The words in this article "any judgmental word we use to describe our partner is name-calling and unacceptable, period" is exaclty what I think. We would be joking around about silly stuff, and in the end it turns out a fight, why is this? We both have very strong personalities, and I think that both of us want the "upper hand", but when he gets mad at me, he doesn't think about the things that he say, and it sometimes hurt. When I see a fight coming (as most of them are so unneccesary) I tell him to just leave it, then he carries on and on and on, and when I ignore him (because I don't want to fight) he gets mad at me for ignoring him?

sarah 11 years ago

Wat do u do wen ur in a relationship that majority of the time all words are ur spouses trigger words.

John 11 years ago

This is a very informative and useful article. Now I understand where a lot of my wife's rage type reactions came from when we argued. She ALWAYS reacted to stressful situations by lashing out at me (even when I had nothing whatsoever to do with the cause of the stress).
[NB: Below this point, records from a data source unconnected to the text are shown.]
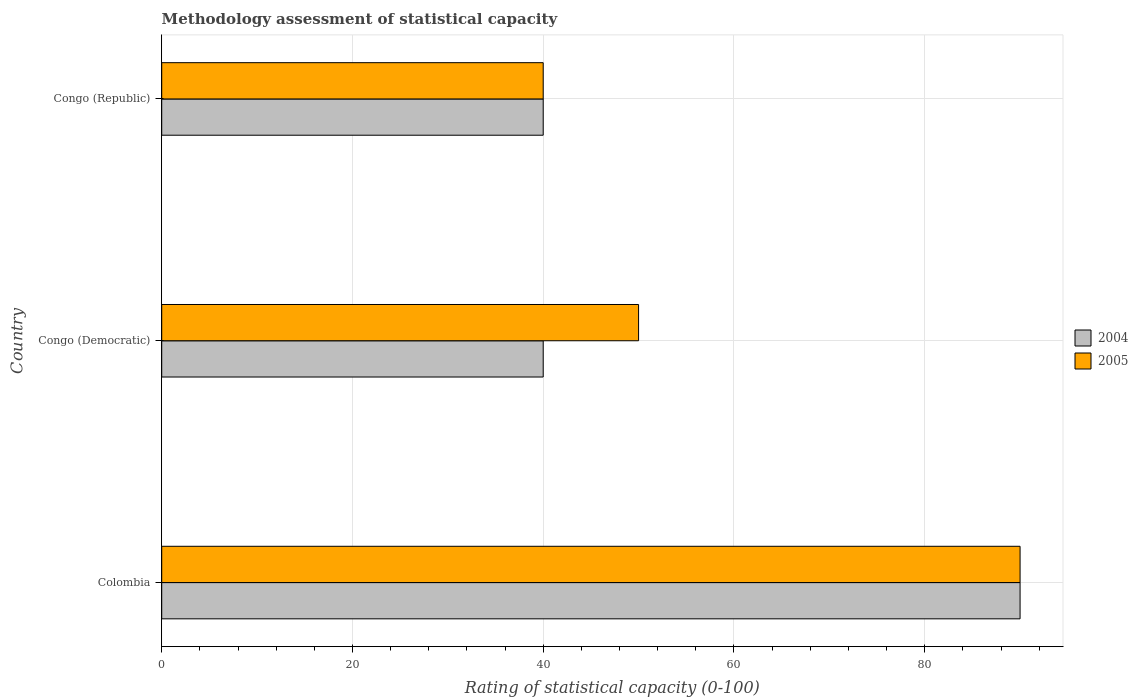How many groups of bars are there?
Your answer should be compact. 3. Are the number of bars per tick equal to the number of legend labels?
Ensure brevity in your answer.  Yes. How many bars are there on the 3rd tick from the top?
Your response must be concise. 2. How many bars are there on the 1st tick from the bottom?
Your response must be concise. 2. In how many cases, is the number of bars for a given country not equal to the number of legend labels?
Ensure brevity in your answer.  0. What is the rating of statistical capacity in 2004 in Congo (Republic)?
Make the answer very short. 40. Across all countries, what is the maximum rating of statistical capacity in 2004?
Keep it short and to the point. 90. Across all countries, what is the minimum rating of statistical capacity in 2005?
Give a very brief answer. 40. In which country was the rating of statistical capacity in 2004 minimum?
Your answer should be very brief. Congo (Democratic). What is the total rating of statistical capacity in 2004 in the graph?
Offer a terse response. 170. What is the ratio of the rating of statistical capacity in 2004 in Colombia to that in Congo (Republic)?
Offer a very short reply. 2.25. Is the rating of statistical capacity in 2004 in Colombia less than that in Congo (Republic)?
Your answer should be very brief. No. Is the difference between the rating of statistical capacity in 2005 in Colombia and Congo (Democratic) greater than the difference between the rating of statistical capacity in 2004 in Colombia and Congo (Democratic)?
Offer a very short reply. No. Is the sum of the rating of statistical capacity in 2005 in Colombia and Congo (Democratic) greater than the maximum rating of statistical capacity in 2004 across all countries?
Offer a very short reply. Yes. What does the 2nd bar from the top in Congo (Democratic) represents?
Provide a succinct answer. 2004. What does the 1st bar from the bottom in Congo (Democratic) represents?
Provide a short and direct response. 2004. What is the difference between two consecutive major ticks on the X-axis?
Your response must be concise. 20. Are the values on the major ticks of X-axis written in scientific E-notation?
Your response must be concise. No. Does the graph contain any zero values?
Provide a short and direct response. No. Does the graph contain grids?
Make the answer very short. Yes. How are the legend labels stacked?
Your response must be concise. Vertical. What is the title of the graph?
Your answer should be very brief. Methodology assessment of statistical capacity. What is the label or title of the X-axis?
Provide a succinct answer. Rating of statistical capacity (0-100). What is the Rating of statistical capacity (0-100) in 2004 in Colombia?
Your answer should be very brief. 90. What is the Rating of statistical capacity (0-100) of 2005 in Colombia?
Give a very brief answer. 90. What is the Rating of statistical capacity (0-100) of 2004 in Congo (Republic)?
Your answer should be compact. 40. What is the Rating of statistical capacity (0-100) of 2005 in Congo (Republic)?
Offer a terse response. 40. Across all countries, what is the maximum Rating of statistical capacity (0-100) in 2004?
Your answer should be compact. 90. Across all countries, what is the minimum Rating of statistical capacity (0-100) in 2005?
Offer a very short reply. 40. What is the total Rating of statistical capacity (0-100) of 2004 in the graph?
Your answer should be very brief. 170. What is the total Rating of statistical capacity (0-100) in 2005 in the graph?
Your response must be concise. 180. What is the difference between the Rating of statistical capacity (0-100) of 2004 in Colombia and that in Congo (Democratic)?
Offer a terse response. 50. What is the difference between the Rating of statistical capacity (0-100) in 2004 in Congo (Democratic) and that in Congo (Republic)?
Offer a very short reply. 0. What is the difference between the Rating of statistical capacity (0-100) in 2004 in Colombia and the Rating of statistical capacity (0-100) in 2005 in Congo (Democratic)?
Make the answer very short. 40. What is the difference between the Rating of statistical capacity (0-100) of 2004 in Colombia and the Rating of statistical capacity (0-100) of 2005 in Congo (Republic)?
Your response must be concise. 50. What is the difference between the Rating of statistical capacity (0-100) in 2004 in Congo (Democratic) and the Rating of statistical capacity (0-100) in 2005 in Congo (Republic)?
Make the answer very short. 0. What is the average Rating of statistical capacity (0-100) of 2004 per country?
Your response must be concise. 56.67. What is the average Rating of statistical capacity (0-100) in 2005 per country?
Keep it short and to the point. 60. What is the difference between the Rating of statistical capacity (0-100) in 2004 and Rating of statistical capacity (0-100) in 2005 in Congo (Republic)?
Offer a terse response. 0. What is the ratio of the Rating of statistical capacity (0-100) of 2004 in Colombia to that in Congo (Democratic)?
Make the answer very short. 2.25. What is the ratio of the Rating of statistical capacity (0-100) of 2005 in Colombia to that in Congo (Democratic)?
Offer a very short reply. 1.8. What is the ratio of the Rating of statistical capacity (0-100) of 2004 in Colombia to that in Congo (Republic)?
Keep it short and to the point. 2.25. What is the ratio of the Rating of statistical capacity (0-100) in 2005 in Colombia to that in Congo (Republic)?
Offer a very short reply. 2.25. What is the ratio of the Rating of statistical capacity (0-100) of 2004 in Congo (Democratic) to that in Congo (Republic)?
Keep it short and to the point. 1. What is the difference between the highest and the second highest Rating of statistical capacity (0-100) of 2005?
Offer a very short reply. 40. What is the difference between the highest and the lowest Rating of statistical capacity (0-100) of 2004?
Offer a very short reply. 50. 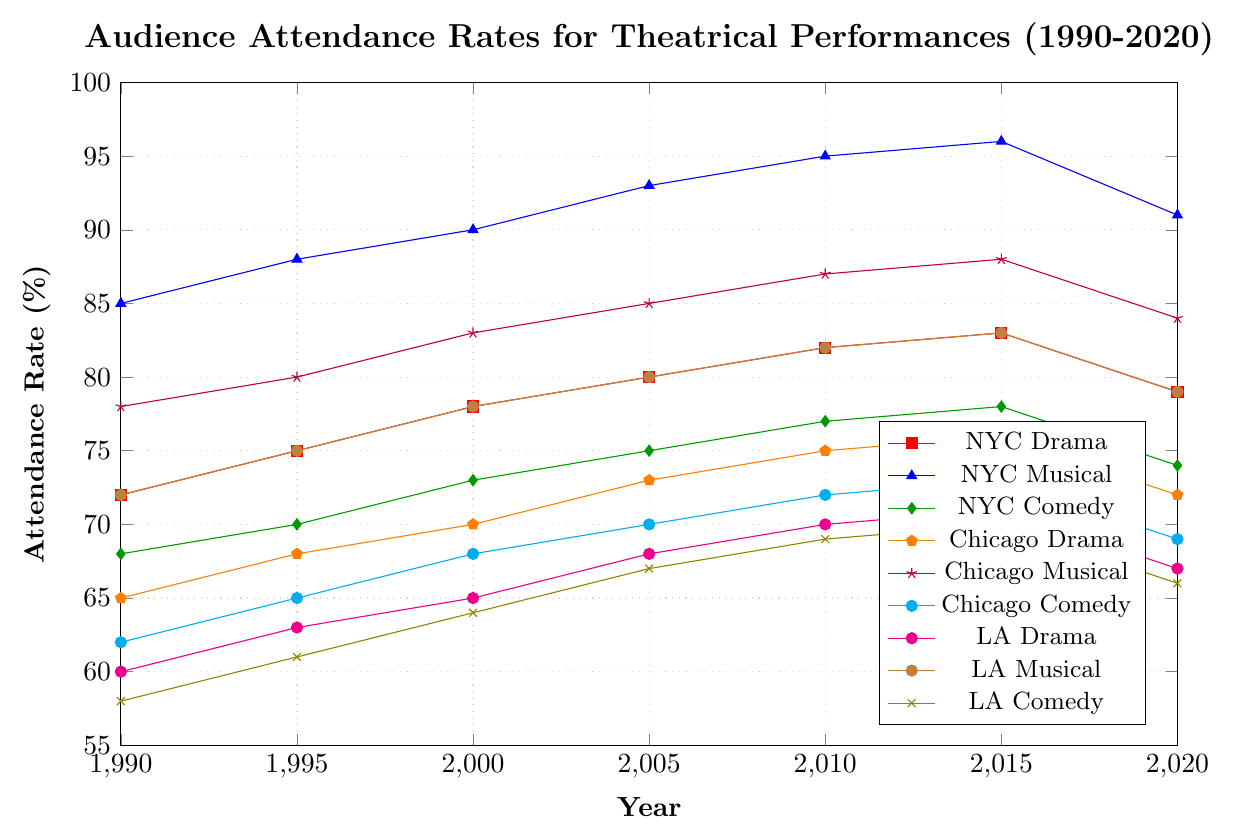what is the attendance rate for musicals in New York City in 2000? Locate the year 2000 on the x-axis and find the corresponding value for "NYC Musical", which is the second plot.
Answer: 90 Between 1990 and 2020, how did the attendance rates for Chicago Drama change? Track the "Chicago Drama" line from 1990 to 2020: starts at 65 in 1990, rises to a peak of 76 in 2015, then drops slightly to 72 by 2020.
Answer: Increased from 65 to 72 In 2010, which city's audience attendance rate for comedy was the highest? Compare the "Comedy" lines for all three cities at the year 2010: NYC (77), Chicago (72), LA (69).
Answer: New York City Which type of performance had the highest attendance rate in 2015 in Los Angeles? Look at 2015 on the x-axis and compare all three lines (Drama, Musical, Comedy) in Los Angeles: Drama (71), Musical (83), Comedy (70).
Answer: Musical What is the trend in attendance rates for musicals in Chicago from 1990 to 2020? Observe the "Chicago Musical" line: starts at 78 in 1990, rises steadily to a peak of 88 in 2015, then drops to 84 by 2020.
Answer: Increasing, then slight decrease How much higher was New York City Musical attendance in 2005 compared to Chicago Musical? Find the 2005 values for "NYC Musical" and "Chicago Musical": NYC (93), Chicago (85). The difference is 93 - 85.
Answer: 8 Did the attendance rates for dramas in Los Angeles and New York City ever equal? Compare the values for "NYC Drama" and "LA Drama" across all years, checking for any equal points. 1990: NYC (72), LA (60); 1995: NYC (75), LA (63); 2000: NYC (78), LA (65); 2005: NYC (80), LA (68); 2010: NYC (82), LA (70); 2015: NYC (83), LA (71); 2020: NYC (79), LA (67).
Answer: No Was there a year when attendance rates for dramas in all three cities were increasing? Analyze the trends for "Drama" in NYC, Chicago, and LA to find a common year of increase. NYC: 1990-2005 consistent increase, Chicago: 1990-2005 consistent increase, LA: 1990-2005 consistent increase.
Answer: 2005 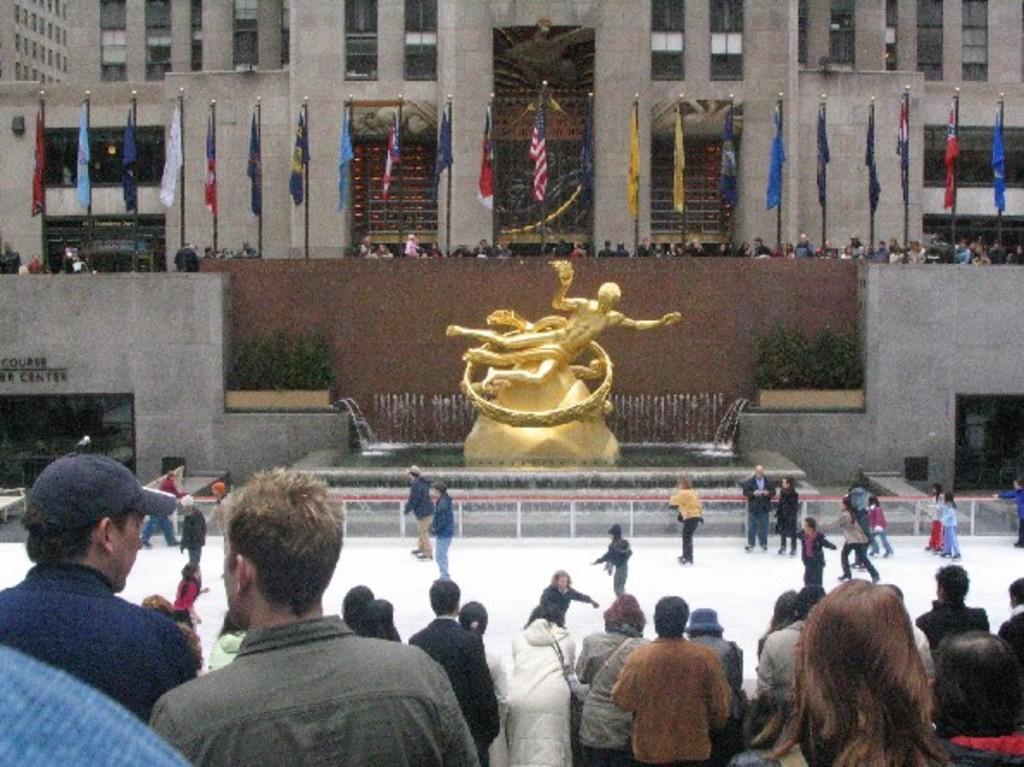Describe this image in one or two sentences. In this picture I can see there is a statue here and it is in golden color and there is a fountain around it. There are few plants and there are few people skating on the ice and they are wearing skating shoes, coats and in the backdrop there are flags attached to the flag poles and there are few more people standing and there is a building behind them, it has windows, doors. There are few people at the bottom of the image and they are watching the people who are skating. 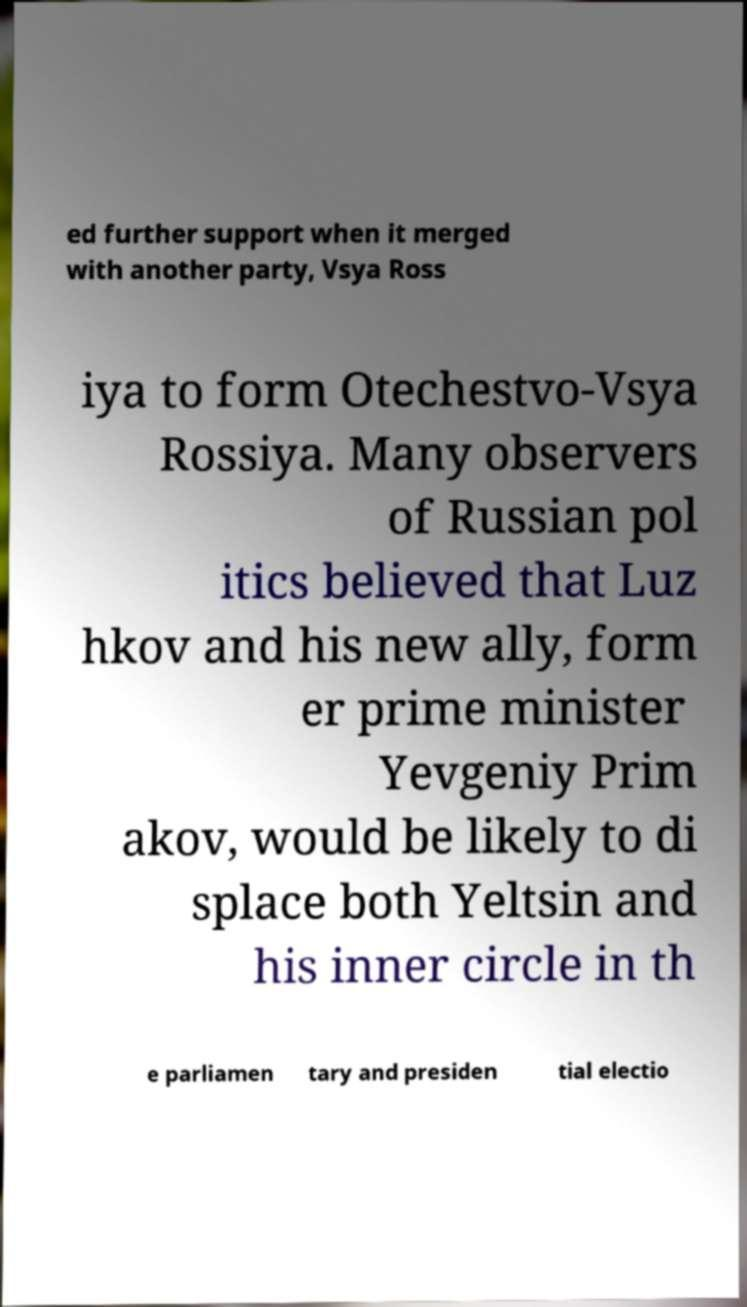Could you extract and type out the text from this image? ed further support when it merged with another party, Vsya Ross iya to form Otechestvo-Vsya Rossiya. Many observers of Russian pol itics believed that Luz hkov and his new ally, form er prime minister Yevgeniy Prim akov, would be likely to di splace both Yeltsin and his inner circle in th e parliamen tary and presiden tial electio 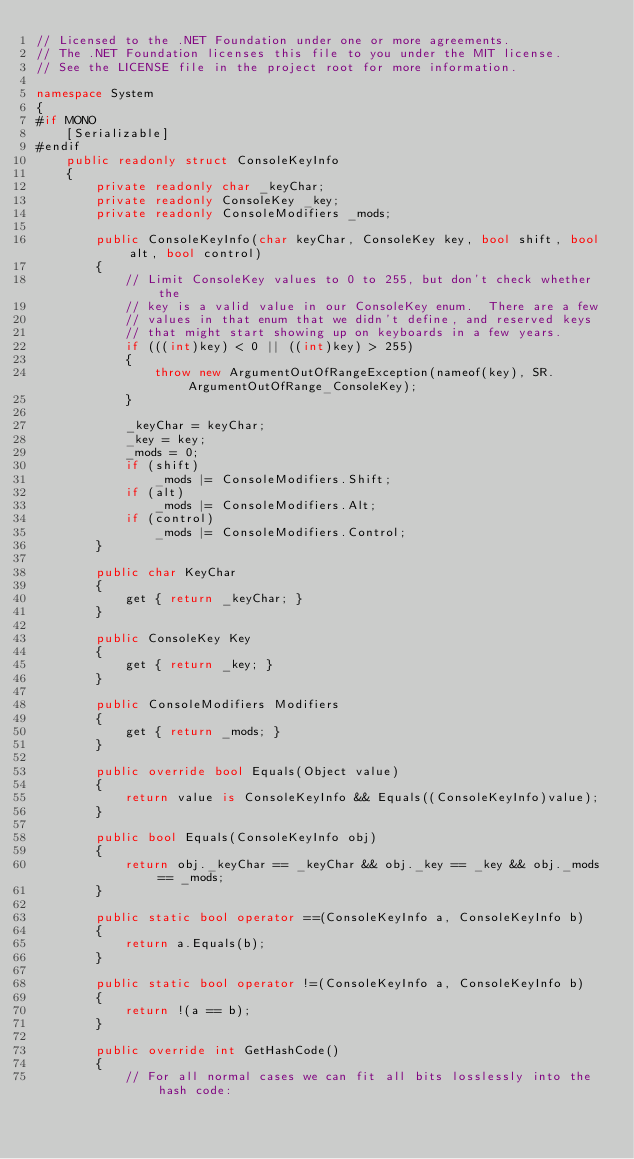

My reaction was to ask her (in a low monotone voice) to "calm down and stop yelling at me" so we could discuss the problem and find a solution. Typically she would respond (even louder and more aggresively) that I was yelling at her. Next, I would talk slower and in a still quieter voice, which made her even more angry ("you're demeaning me!" was her typical response). So apparently I was just nailing one "trigger" after another. Unfortunately, the only way to handle this (that I knew) was to walk away or stay and fight which meant that the original problem never got resolved. We had so many unresolved problems in our marriage for so many years, we are now in the process of a very nasty divorce.

Rocky 11 years ago

My trigger words are ones that are not spelled properly, such as "wat" and "wen", or which are shortened text message-style to "u" and "ur". Really irritates me, sarah.

Rocky 11 years ago

I've experienced something similar, John. Learned early on in my marriage that I could never raise my voice, even when I was "justifiably" angry about something. That would just make her more upset. But trying the calm, rational approach without emotion and triggers (e.g., eye-rolling) also makes my wife angry, and she tells me I'm patronizing her. Then she shuts down and it's all over. No resolution. It feels like I can't win, but I say that realizing it's not about winning (usually), but just wanting to work through the issues. I haven't yet figured out how to succeed in an argument or angry situation. But I have learned that so many relationship problems result from selfishness or self-centeredness, and it's only with selfless caring and giving to the other person that two people will succeed in their relationship.

Sharon 11 years ago

I hate it when my husband always throw up in my face about his kids. He is constantly telling me my kids this and my kids that and my kids deserve this and that. I want for my kids just like you want for your kids. My kids, my kids my kids . I'm so sick of those 2 words I could scream. They mommas sit back wait for whatever he has to offer his kids.......

Nancy 11 years ago

My worse trigger is YOU KNOW EVERYTHING! This one makes me want to throw something at him. Husband reacts furiously, even though he is a very controlled person, when I even mention hurts from the past, which I don't entirely blame him for as he considers the past over and done with and what good is it to bring it up? But since I have never been able to reconcile something very out of character that he did and I desparately need more than half truths from him that he claims he doesn't remember, I am plagued with a feeling of distrust and betrayal that will not go away.

Linda 11 years ago

I have similar issues; something he did, him not being truthful, he also claims he doesn't remember. I am angry that "getting over" this falls on me and he seems to be oblivious to how hurtful all of this is. I also am plagued with feeling of distrust and betrayal that will not go away. It's been a year now and I will probably give it more time but I am so tired of living in this hell. We have been married 27years but a divorce may be the only answer. I get up in the morning thinking about what he did, live it all day long, and go to bed with it.

Rw 11 years ago

What do you do when your wife of 35 years, will not talk to you and she filed in February. I just found out that she has been suckered into an emotional relationship for nearly a year. She says she can't trust me? Our communication was and is horrible. Can I possibly get her back.

sl 10 years ago

My husbands triggers are askimg him questions. He hates to do anything I ask and if I remimd him, he doesn't do it cause Im "nagging" him. I have decided to shut down because he hates talking things out. He tells me to work me, I'm the problem.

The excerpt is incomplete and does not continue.